Items listed in a dataset
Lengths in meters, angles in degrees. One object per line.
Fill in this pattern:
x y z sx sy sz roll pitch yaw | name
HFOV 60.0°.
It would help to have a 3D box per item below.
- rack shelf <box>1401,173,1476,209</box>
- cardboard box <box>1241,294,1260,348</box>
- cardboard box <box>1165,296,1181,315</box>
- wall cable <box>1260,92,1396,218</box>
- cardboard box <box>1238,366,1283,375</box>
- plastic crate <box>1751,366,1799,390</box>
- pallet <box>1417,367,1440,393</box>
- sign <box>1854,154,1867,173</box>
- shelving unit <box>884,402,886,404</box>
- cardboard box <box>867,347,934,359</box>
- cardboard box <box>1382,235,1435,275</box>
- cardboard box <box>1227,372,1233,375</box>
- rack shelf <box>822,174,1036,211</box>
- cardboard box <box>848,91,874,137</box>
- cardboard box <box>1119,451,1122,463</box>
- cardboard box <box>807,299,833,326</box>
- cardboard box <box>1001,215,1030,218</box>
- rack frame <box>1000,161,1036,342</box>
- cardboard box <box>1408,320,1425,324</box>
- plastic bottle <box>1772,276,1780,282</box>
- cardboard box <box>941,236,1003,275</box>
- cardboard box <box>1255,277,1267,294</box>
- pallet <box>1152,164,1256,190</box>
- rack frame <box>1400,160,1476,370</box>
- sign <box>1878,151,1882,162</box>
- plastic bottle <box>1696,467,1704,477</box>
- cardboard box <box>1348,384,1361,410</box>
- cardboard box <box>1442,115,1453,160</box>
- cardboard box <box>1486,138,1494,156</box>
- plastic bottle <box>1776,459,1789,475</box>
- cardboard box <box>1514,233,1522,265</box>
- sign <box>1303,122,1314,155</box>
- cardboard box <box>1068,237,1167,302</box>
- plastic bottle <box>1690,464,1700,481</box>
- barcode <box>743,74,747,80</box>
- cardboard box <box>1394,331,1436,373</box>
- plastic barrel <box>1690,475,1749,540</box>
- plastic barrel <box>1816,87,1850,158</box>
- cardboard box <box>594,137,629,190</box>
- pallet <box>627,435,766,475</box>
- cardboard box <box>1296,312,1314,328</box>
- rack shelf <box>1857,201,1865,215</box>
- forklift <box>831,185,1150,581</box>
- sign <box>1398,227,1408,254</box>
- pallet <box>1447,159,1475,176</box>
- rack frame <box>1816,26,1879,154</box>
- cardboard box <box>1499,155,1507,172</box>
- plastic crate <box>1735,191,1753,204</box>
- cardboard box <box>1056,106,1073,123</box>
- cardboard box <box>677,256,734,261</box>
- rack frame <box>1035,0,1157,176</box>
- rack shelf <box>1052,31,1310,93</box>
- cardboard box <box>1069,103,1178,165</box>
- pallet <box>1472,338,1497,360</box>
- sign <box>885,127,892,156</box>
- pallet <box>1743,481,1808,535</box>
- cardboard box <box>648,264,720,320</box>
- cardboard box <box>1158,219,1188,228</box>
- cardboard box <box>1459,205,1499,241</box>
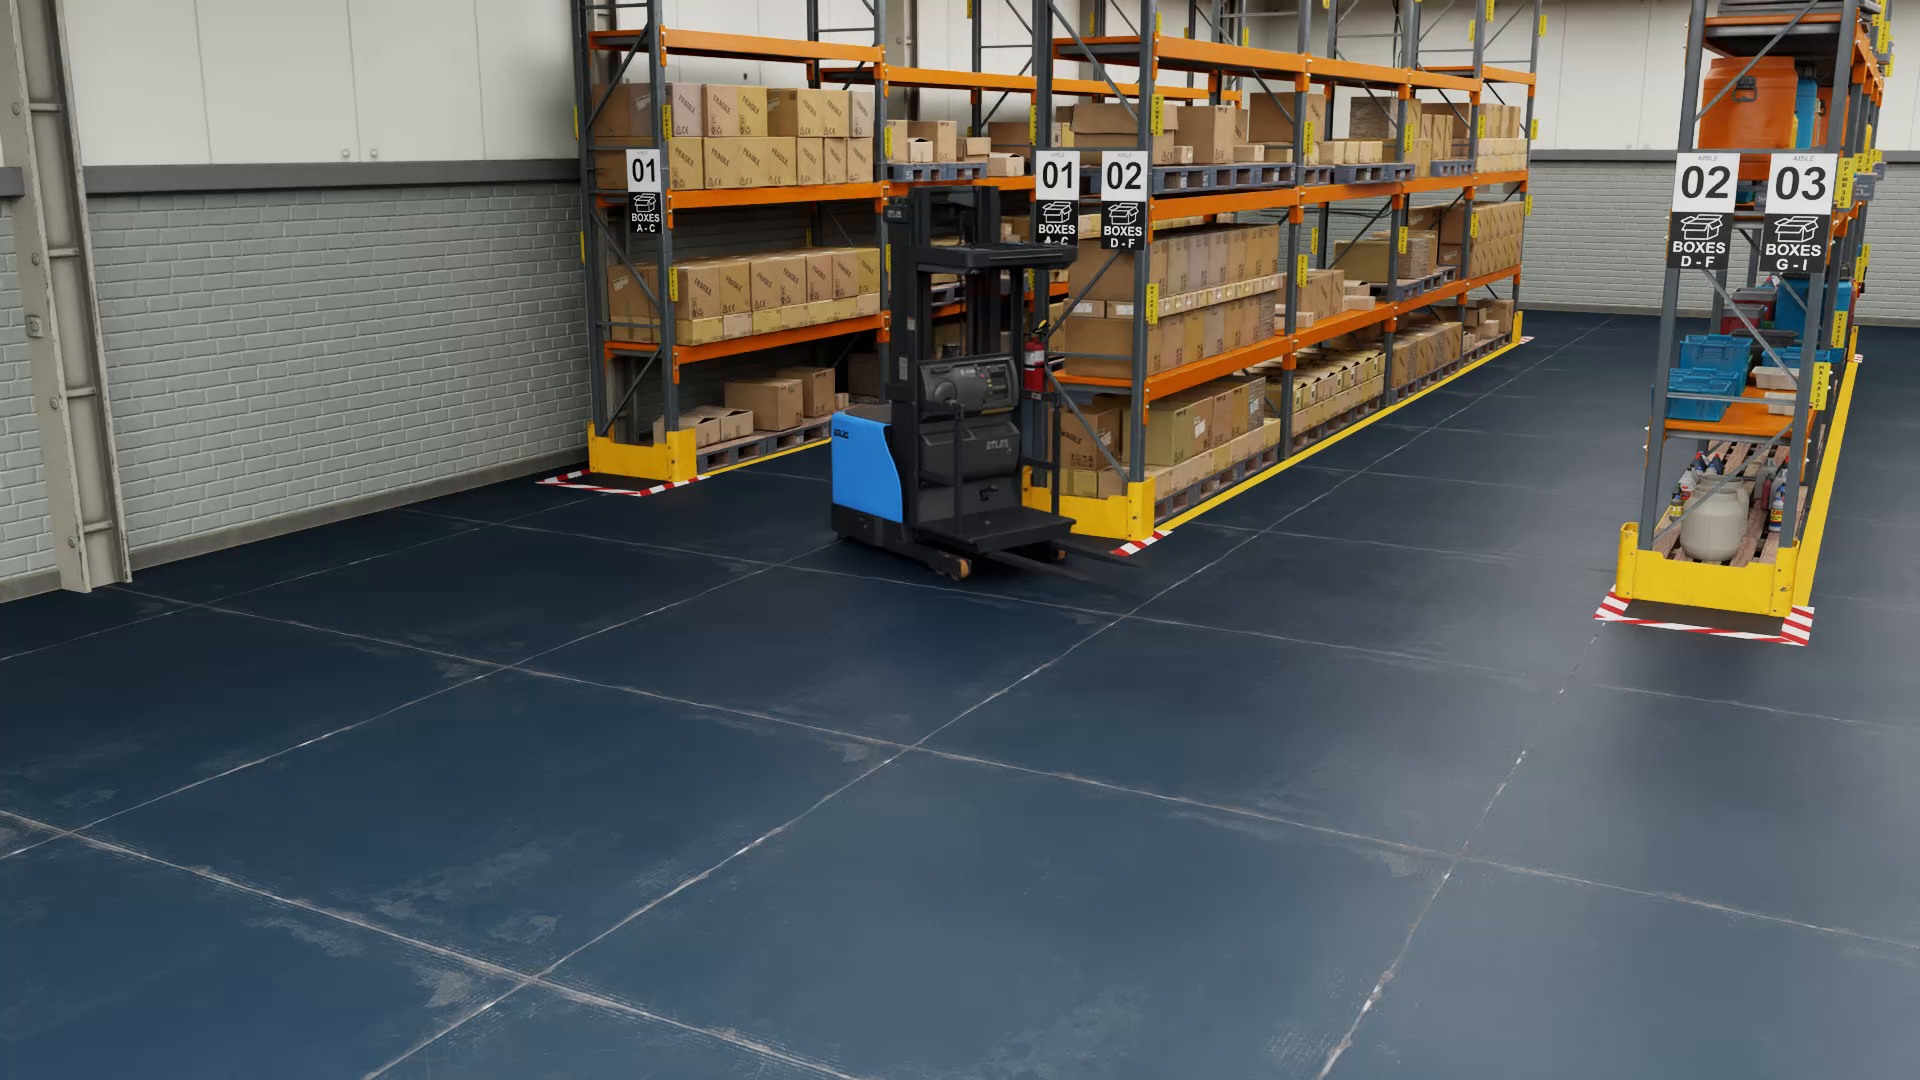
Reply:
5.932 -4.709 22.303 1.077 0.370 4.000 7 15 28 | rack shelf
2.573 -2.218 16.620 0.700 0.500 0.500 7 15 27 | cardboard box
1.723 -2.075 14.643 0.380 0.149 0.250 7 15 28 | cardboard box
7.541 -7.919 34.307 3.097 2.526 0.112 7 15 28 | wall cable
3.466 -1.835 19.020 0.500 0.311 0.500 7 15 28 | cardboard box
6.802 -1.318 13.663 0.530 0.136 0.437 7 15 28 | plastic crate
5.950 -2.233 22.847 1.003 0.211 1.213 7 15 28 | pallet
7.842 -3.206 14.512 0.100 0.325 0.005 7 15 28 | sign
-0.503 -0.689 14.650 0.252 1.050 0.215 -9 16 -34 | shelving unit
-0.760 -2.194 21.128 0.700 0.500 0.500 7 15 27 | cardboard box
6.099 -3.895 22.679 0.700 0.500 0.500 3 14 14 | cardboard box
2.533 -1.542 17.402 0.500 0.500 0.500 7 15 28 | cardboard box
-0.340 -4.449 21.224 1.077 0.370 4.000 7 15 28 | rack shelf
-1.312 -4.800 18.752 0.500 0.500 0.500 6 15 23 | cardboard box
1.330 -0.664 15.359 0.500 0.250 0.500 7 15 28 | cardboard box
-1.748 -2.530 18.403 0.500 0.250 0.500 7 15 28 | cardboard box
0.873 -4.547 24.003 0.500 0.250 0.500 7 15 26 | cardboard box
0.627 -3.751 23.193 1.000 3.000 0.127 7 15 28 | rack frame
6.452 -2.938 24.216 0.500 0.500 0.500 7 15 26 | cardboard box
10.499 -3.262 21.429 0.152 0.276 0.135 7 15 28 | plastic bottle
0.162 -3.798 22.237 0.700 0.500 0.500 6 15 23 | cardboard box
2.842 -2.549 16.611 0.380 0.149 0.250 7 15 26 | cardboard box
2.051 -3.358 15.351 1.003 0.211 1.213 7 15 28 | pallet
6.899 -4.011 24.272 1.000 3.000 0.127 7 15 28 | rack frame
13.656 -5.618 24.761 0.100 0.325 0.005 7 15 28 | sign
6.483 -0.504 14.606 0.097 0.271 0.097 0 14 0 | plastic bottle
4.432 -1.714 19.712 0.500 0.250 0.500 8 16 29 | cardboard box
6.591 -5.676 23.454 0.600 0.600 0.600 6 15 23 | cardboard box
7.591 -5.814 24.603 0.500 0.250 0.500 7 15 28 | cardboard box
7.214 -0.530 14.545 0.144 0.351 0.185 7 15 25 | plastic bottle
8.854 -4.758 27.155 0.500 0.500 0.500 8 16 30 | cardboard box
3.518 -4.055 16.783 0.100 0.325 0.005 7 15 28 | sign
1.360 -2.334 14.333 0.700 0.500 0.500 7 15 28 | cardboard box
6.315 -0.490 14.378 0.144 0.351 0.185 7 15 28 | plastic bottle
-2.355 -5.076 18.234 0.001 0.075 0.075 7 15 28 | barcode
6.178 -2.568 22.682 0.500 0.500 0.500 7 15 26 | cardboard box
5.926 -0.229 12.994 0.421 0.512 0.421 0 14 0 | plastic barrel
9.576 -4.616 18.568 0.600 0.830 0.708 7 15 28 | plastic barrel
-3.260 -3.741 16.493 0.500 0.500 0.500 9 16 32 | cardboard box
-2.780 -0.932 17.451 1.003 0.211 1.213 7 15 28 | pallet
3.639 -2.406 18.151 0.380 0.149 0.250 7 15 28 | cardboard box
10.266 -4.147 19.972 1.077 0.370 4.000 7 15 28 | rack shelf
0.210 -1.248 12.957 1.130 2.935 3.031 -10 17 -37 | forklift
5.453 -3.691 20.474 0.100 0.325 0.005 7 15 28 | sign
6.522 -5.252 23.421 1.213 0.211 1.003 7 15 28 | pallet
9.299 -5.545 17.834 1.000 3.000 0.127 7 15 28 | rack frame
8.077 -5.776 25.511 0.500 0.250 0.500 7 15 28 | cardboard box
6.090 -2.863 13.144 0.392 0.384 0.575 7 15 28 | plastic crate
1.767 -6.376 24.930 0.500 0.250 0.500 7 15 26 | cardboard box
-2.701 -2.741 17.679 0.500 0.500 0.500 7 15 27 | cardboard box
1.098 -4.466 13.357 1.000 3.000 0.127 7 15 28 | rack frame
2.065 -4.332 15.190 1.077 0.370 4.000 7 15 28 | rack shelf
1.379 -3.447 14.118 0.797 0.503 0.637 9 16 32 | cardboard box
7.820 -3.048 26.225 1.003 0.211 1.213 7 15 28 | pallet
-0.828 -4.580 19.128 0.100 0.325 0.005 7 15 28 | sign
7.005 -0.319 14.908 1.003 0.211 1.213 7 15 28 | pallet
-2.747 -2.475 16.577 0.500 0.500 0.500 7 15 28 | cardboard box
3.195 -4.976 27.634 0.980 0.700 0.700 7 15 27 | cardboard box
7.871 -4.822 25.288 0.500 0.500 0.500 7 15 26 | cardboard box

■ WHAT IS BEING ASKED ■
Above this instruction are the records; retype exactly the lines from the one containing "- rack shelf <box>1401,173,1476,209</box>" up to and including the one containing "- cardboard box <box>848,91,874,137</box>".

■ ANSWER SPACE ■
- rack shelf <box>1401,173,1476,209</box>
- cardboard box <box>1241,294,1260,348</box>
- cardboard box <box>1165,296,1181,315</box>
- wall cable <box>1260,92,1396,218</box>
- cardboard box <box>1238,366,1283,375</box>
- plastic crate <box>1751,366,1799,390</box>
- pallet <box>1417,367,1440,393</box>
- sign <box>1854,154,1867,173</box>
- shelving unit <box>884,402,886,404</box>
- cardboard box <box>867,347,934,359</box>
- cardboard box <box>1382,235,1435,275</box>
- cardboard box <box>1227,372,1233,375</box>
- rack shelf <box>822,174,1036,211</box>
- cardboard box <box>848,91,874,137</box>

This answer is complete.